--- Input for this task Enclosed Below ---

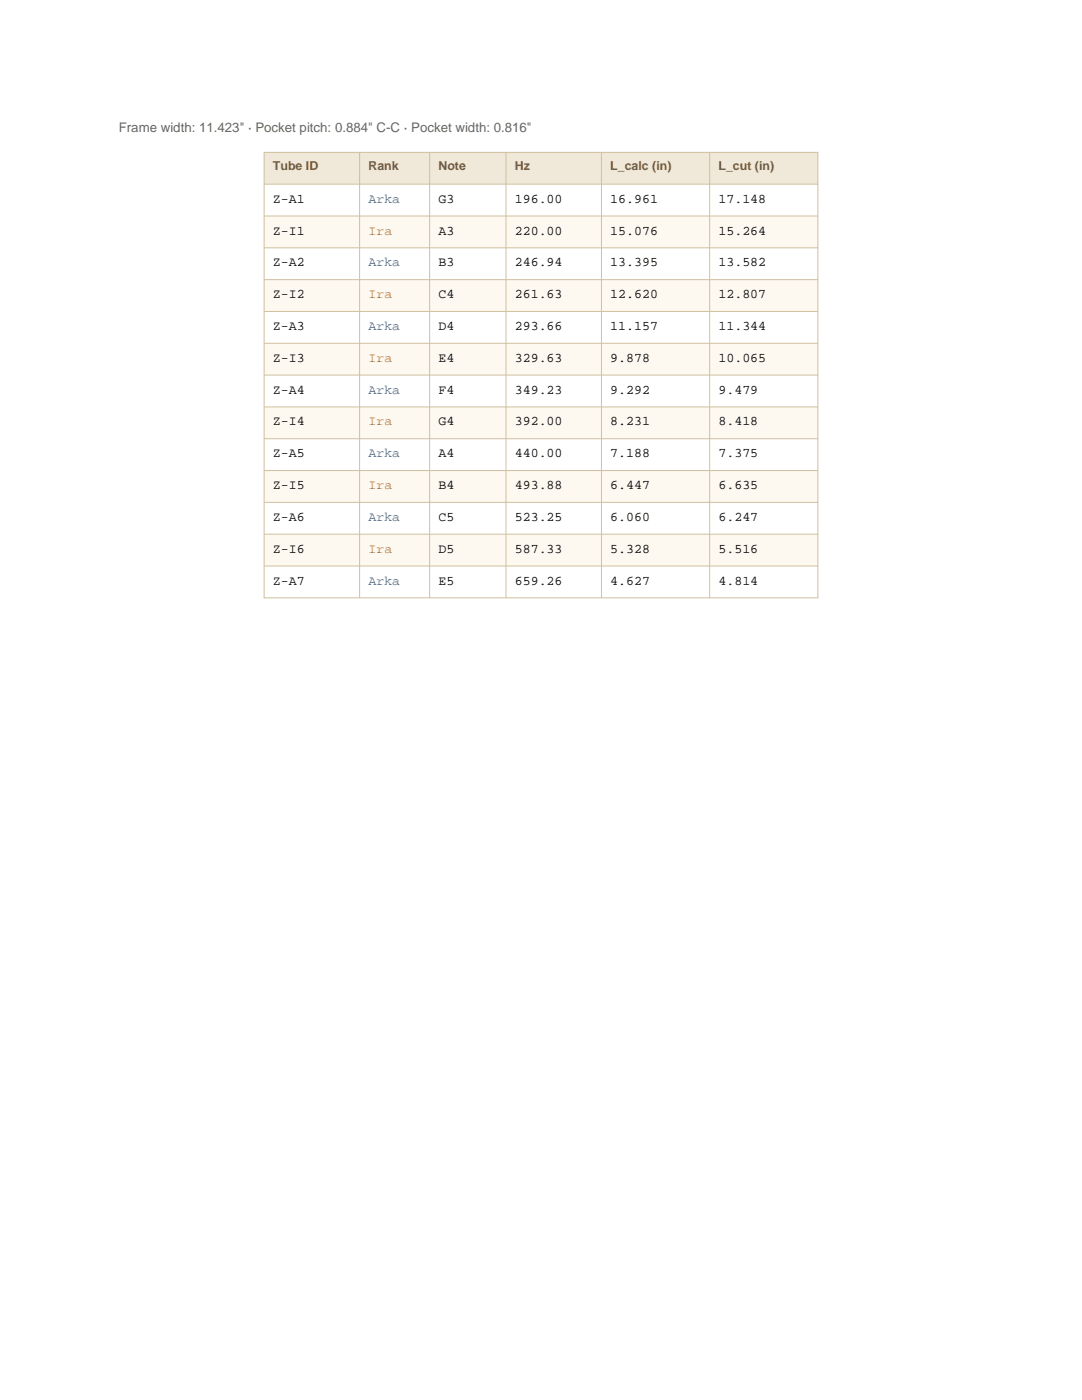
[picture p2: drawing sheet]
<svg xmlns="http://www.w3.org/2000/svg" width="216mm" height="279mm" viewBox="0 0 216 279" stroke-linecap="round" stroke-linejoin="round" font-family="sans-serif">
<defs><g id="words">
<text font-size="2.6" fill="#666" x="23.7" y="26.4">Frame width: 11.423&quot; · Pocket pitch: 0.884&quot; C-C · Pocket width: 0.816&quot;</text>
<g font-size="2.6">
<text x="54.5" y="40.5">Z-A1</text>
<text x="87.5" y="40.5">G3</text>
<text x="102.7" y="40.5">196.00</text>
<text x="121.8" y="40.5">16.961</text>
<text x="143.4" y="40.5">17.148</text>
<text x="54.5" y="46.8">Z-I1</text>
<text x="87.5" y="46.8">A3</text>
<text x="102.7" y="46.8">220.00</text>
<text x="121.8" y="46.8">15.076</text>
<text x="143.4" y="46.8">15.264</text>
<text x="54.5" y="53.2">Z-A2</text>
<text x="87.5" y="53.2">B3</text>
<text x="102.7" y="53.2">246.94</text>
<text x="121.8" y="53.2">13.395</text>
<text x="143.4" y="53.2">13.582</text>
<text x="54.5" y="59.5">Z-I2</text>
<text x="87.5" y="59.5">C4</text>
<text x="102.7" y="59.5">261.63</text>
<text x="121.8" y="59.5">12.620</text>
<text x="143.4" y="59.5">12.807</text>
<text x="54.5" y="65.9">Z-A3</text>
<text x="87.5" y="65.9">D4</text>
<text x="102.7" y="65.9">293.66</text>
<text x="121.8" y="65.9">11.157</text>
<text x="143.4" y="65.9">11.344</text>
<text x="54.5" y="72.2">Z-I3</text>
<text x="87.5" y="72.2">E4</text>
<text x="102.7" y="72.2">329.63</text>
<text x="121.8" y="72.2">9.878</text>
<text x="143.4" y="72.2">10.065</text>
<text x="54.5" y="78.6">Z-A4</text>
<text x="87.5" y="78.6">F4</text>
<text x="102.7" y="78.6">349.23</text>
<text x="121.8" y="78.6">9.292</text>
<text x="143.4" y="78.6">9.479</text>
<text x="54.5" y="84.9">Z-I4</text>
<text x="87.5" y="84.9">G4</text>
<text x="102.7" y="84.9">392.00</text>
<text x="121.8" y="84.9">8.231</text>
<text x="143.4" y="84.9">8.418</text>
<text x="54.5" y="91.3">Z-A5</text>
<text x="87.5" y="91.3">A4</text>
<text x="102.7" y="91.3">440.00</text>
<text x="121.8" y="91.3">7.188</text>
<text x="143.4" y="91.3">7.375</text>
<text x="54.5" y="97.6">Z-I5</text>
<text x="87.5" y="97.6">B4</text>
<text x="102.7" y="97.6">493.88</text>
<text x="121.8" y="97.6">6.447</text>
<text x="143.4" y="97.6">6.635</text>
<text x="54.5" y="104">Z-A6</text>
<text x="87.5" y="104">C5</text>
<text x="102.7" y="104">523.25</text>
<text x="121.8" y="104">6.060</text>
<text x="143.4" y="104">6.247</text>
<text x="54.5" y="110.3">Z-I6</text>
<text x="87.5" y="110.3">D5</text>
<text x="102.7" y="110.3">587.33</text>
<text x="121.8" y="110.3">5.328</text>
<text x="143.4" y="110.3">5.516</text>
<text x="54.5" y="116.7">Z-A7</text>
<text x="87.5" y="116.7">E5</text>
<text x="102.7" y="116.7">659.26</text>
<text x="121.8" y="116.7">4.627</text>
<text x="143.4" y="116.7">4.814</text>
</g>
<g font-size="2.6" fill="#2a6db5">
<text x="73.5" y="40.5">Arka</text>
<text x="73.5" y="53.2">Arka</text>
<text x="73.5" y="65.9">Arka</text>
<text x="73.5" y="78.6">Arka</text>
<text x="73.5" y="91.3">Arka</text>
<text x="73.5" y="104">Arka</text>
<text x="73.5" y="116.7">Arka</text>
</g>
<g font-size="2.6" fill="#c87030">
<text x="73.5" y="46.8">Ira</text>
<text x="73.5" y="59.5">Ira</text>
<text x="73.5" y="72.2">Ira</text>
<text x="73.5" y="84.9">Ira</text>
<text x="73.5" y="97.6">Ira</text>
<text x="73.5" y="110.3">Ira</text>
</g>
<g font-size="2.5" fill="#7a5c38">
<text x="54.5" y="33.9">Tube ID</text>
<text x="73.5" y="33.9">Rank</text>
<text x="87.5" y="33.9">Note</text>
<text x="102.7" y="33.9">Hz</text>
<text x="121.8" y="33.9">L_calc (in)</text>
<text x="143.4" y="33.9">L_cut (in)</text>
</g>
</g></defs>
<path d="M52.7 30.4h110.5v6.4h-110.5z" fill-rule="evenodd" fill="#f0e8d8"/>
<path d="M52.7 36.8h110.5v6.3h-110.5z" fill-rule="evenodd" fill="#fff"/>
<path d="M52.7 43.1h110.5v6.4h-110.5z" fill-rule="evenodd" fill="#fdf8f0"/>
<path d="M52.7 49.5h110.5v6.3h-110.5z" fill-rule="evenodd" fill="#fff"/>
<path d="M52.7 55.8h110.5v6.4h-110.5z" fill-rule="evenodd" fill="#fdf8f0"/>
<path d="M52.7 62.2h110.5v6.3h-110.5z" fill-rule="evenodd" fill="#fff"/>
<path d="M52.7 68.5h110.5v6.4h-110.5z" fill-rule="evenodd" fill="#fdf8f0"/>
<path d="M52.7 74.9h110.5v6.3h-110.5z" fill-rule="evenodd" fill="#fff"/>
<path d="M52.7 81.2h110.5v6.4h-110.5z" fill-rule="evenodd" fill="#fdf8f0"/>
<path d="M52.7 87.6h110.5v6.3h-110.5z" fill-rule="evenodd" fill="#fff"/>
<path d="M52.7 93.9h110.5v6.4h-110.5z" fill-rule="evenodd" fill="#fdf8f0"/>
<path d="M52.7 100.3h110.5v6.3h-110.5z" fill-rule="evenodd" fill="#fff"/>
<path d="M52.7 106.6h110.5v6.4h-110.5z" fill-rule="evenodd" fill="#fdf8f0"/>
<path d="M52.7 113h110.5v6.3h-110.5z" fill-rule="evenodd" fill="#fff"/>
<g fill="none" stroke="#d0c0a0" stroke-width=".2">
<path d="M52.7 30.4h110.5v88.9h-110.5zM52.7 36.8h110.5M71.8 30.4v88.9M85.7 30.4v88.9M101 30.4v88.9M120 30.4v88.9M141.6 30.4v88.9M52.7 43.1h110.5M52.7 49.5h110.5M52.7 55.8h110.5M52.7 62.2h110.5M52.7 68.5h110.5"/>
<path d="M52.7 74.9h110.5M52.7 81.2h110.5M52.7 87.6h110.5M52.7 93.9h110.5M52.7 100.3h110.5M52.7 106.6h110.5M52.7 113h110.5"/>
</g>
<use href="#words"/>
</svg>

--- End of Enclosed Input for this task ---

### Description of the task
Where does the word "size" occur in the records? Return every line that holds it.

### Solved exercise
<text font-size="2.6" fill="#666" x="23.7" y="26.4">Frame width: 11.423&quot; · Pocket pitch: 0.884&quot; C-C · Pocket width: 0.816&quot;</text>
<g font-size="2.6">
<g font-size="2.6" fill="#2a6db5">
<g font-size="2.6" fill="#c87030">
<g font-size="2.5" fill="#7a5c38">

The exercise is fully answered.